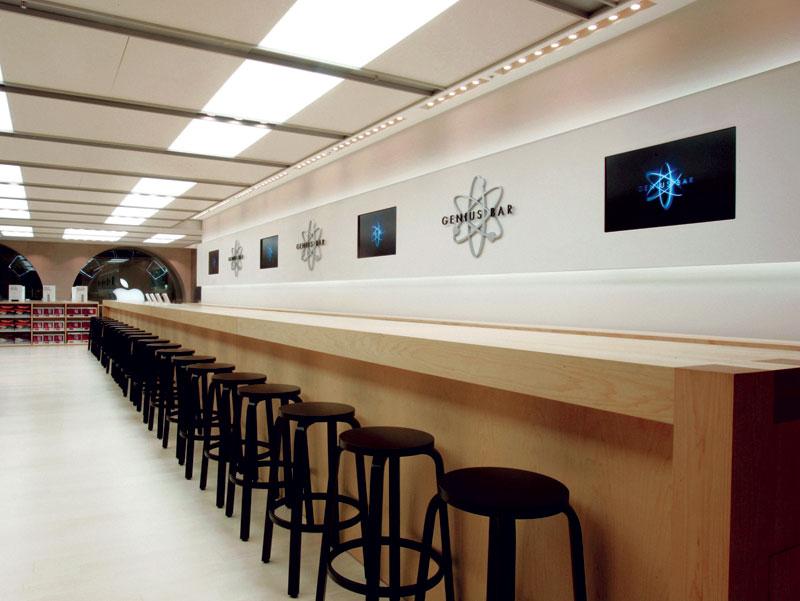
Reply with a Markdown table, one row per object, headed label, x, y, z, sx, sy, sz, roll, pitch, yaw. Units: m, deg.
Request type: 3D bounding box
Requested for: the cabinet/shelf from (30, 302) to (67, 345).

...

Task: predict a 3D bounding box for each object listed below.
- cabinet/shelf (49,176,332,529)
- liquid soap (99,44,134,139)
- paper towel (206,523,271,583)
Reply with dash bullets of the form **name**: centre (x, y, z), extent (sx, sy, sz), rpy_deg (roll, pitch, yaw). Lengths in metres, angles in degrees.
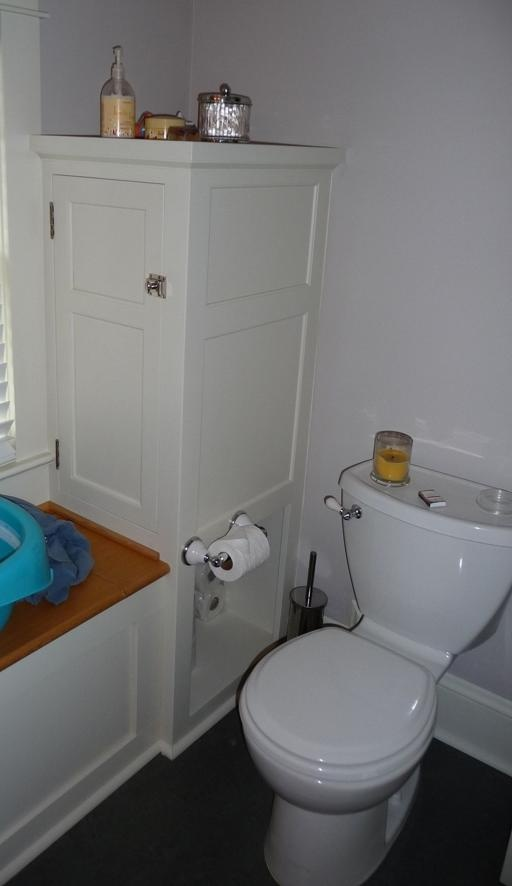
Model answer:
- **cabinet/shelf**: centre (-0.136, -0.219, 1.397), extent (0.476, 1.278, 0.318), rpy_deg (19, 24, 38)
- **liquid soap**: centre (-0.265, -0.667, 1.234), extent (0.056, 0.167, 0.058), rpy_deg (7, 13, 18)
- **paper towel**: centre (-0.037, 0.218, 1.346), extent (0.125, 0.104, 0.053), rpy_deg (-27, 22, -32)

---

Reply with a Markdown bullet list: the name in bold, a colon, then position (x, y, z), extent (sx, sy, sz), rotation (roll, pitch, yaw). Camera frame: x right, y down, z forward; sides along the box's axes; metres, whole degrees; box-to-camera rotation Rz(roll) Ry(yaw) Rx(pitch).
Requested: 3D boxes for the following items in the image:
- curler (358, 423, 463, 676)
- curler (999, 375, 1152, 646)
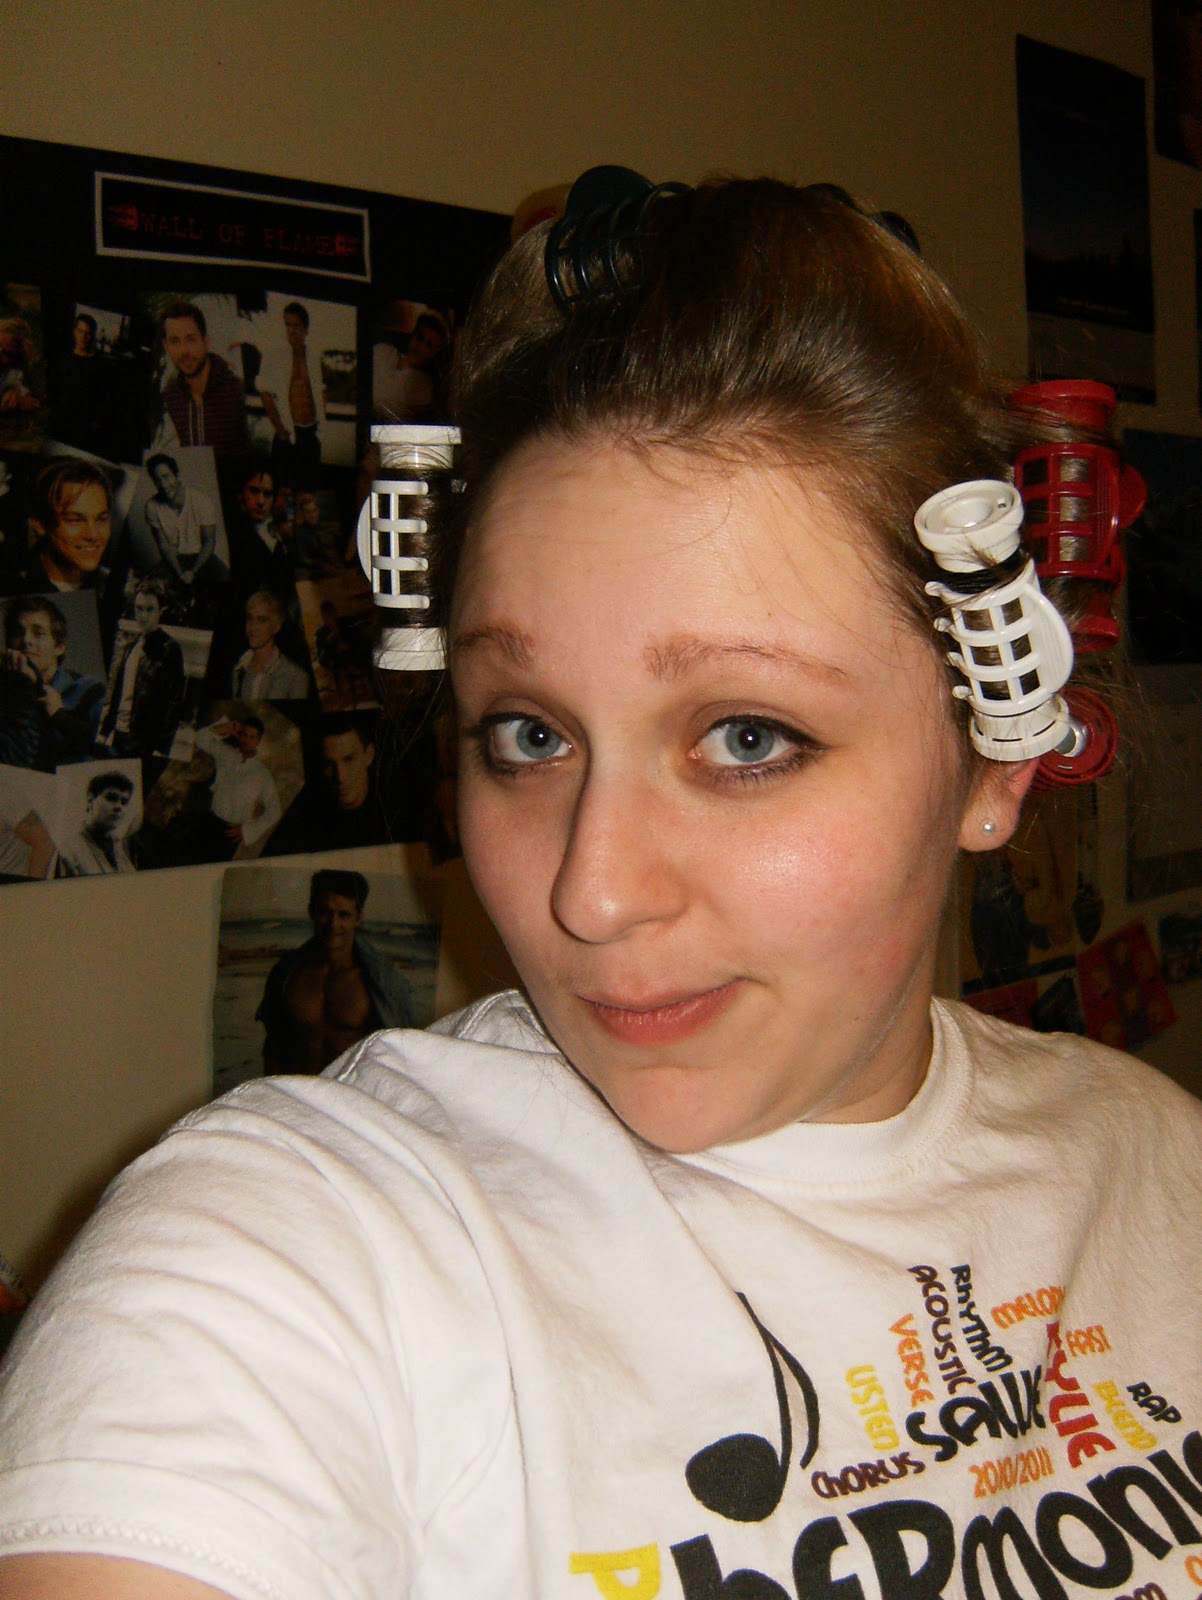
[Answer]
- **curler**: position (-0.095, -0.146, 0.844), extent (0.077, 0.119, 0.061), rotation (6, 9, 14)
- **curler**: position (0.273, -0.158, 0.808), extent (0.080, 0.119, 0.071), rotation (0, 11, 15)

WHAT THIS TASK INVOLVES: Of the entries above, transcribe exactly those lines that fall between the line containing "Reply with a Markdown table, one" and the line containing "Requested for: the", together with those two lines.

COMPLETED TASK:
Reply with a Markdown table, one row per object, headed label, x, y, z, sx, sy, sz, roll, pitch, yaw. Units: m, deg.
Request type: 3D bounding box
Requested for: the cabinet/shelf from (30, 302) to (67, 345).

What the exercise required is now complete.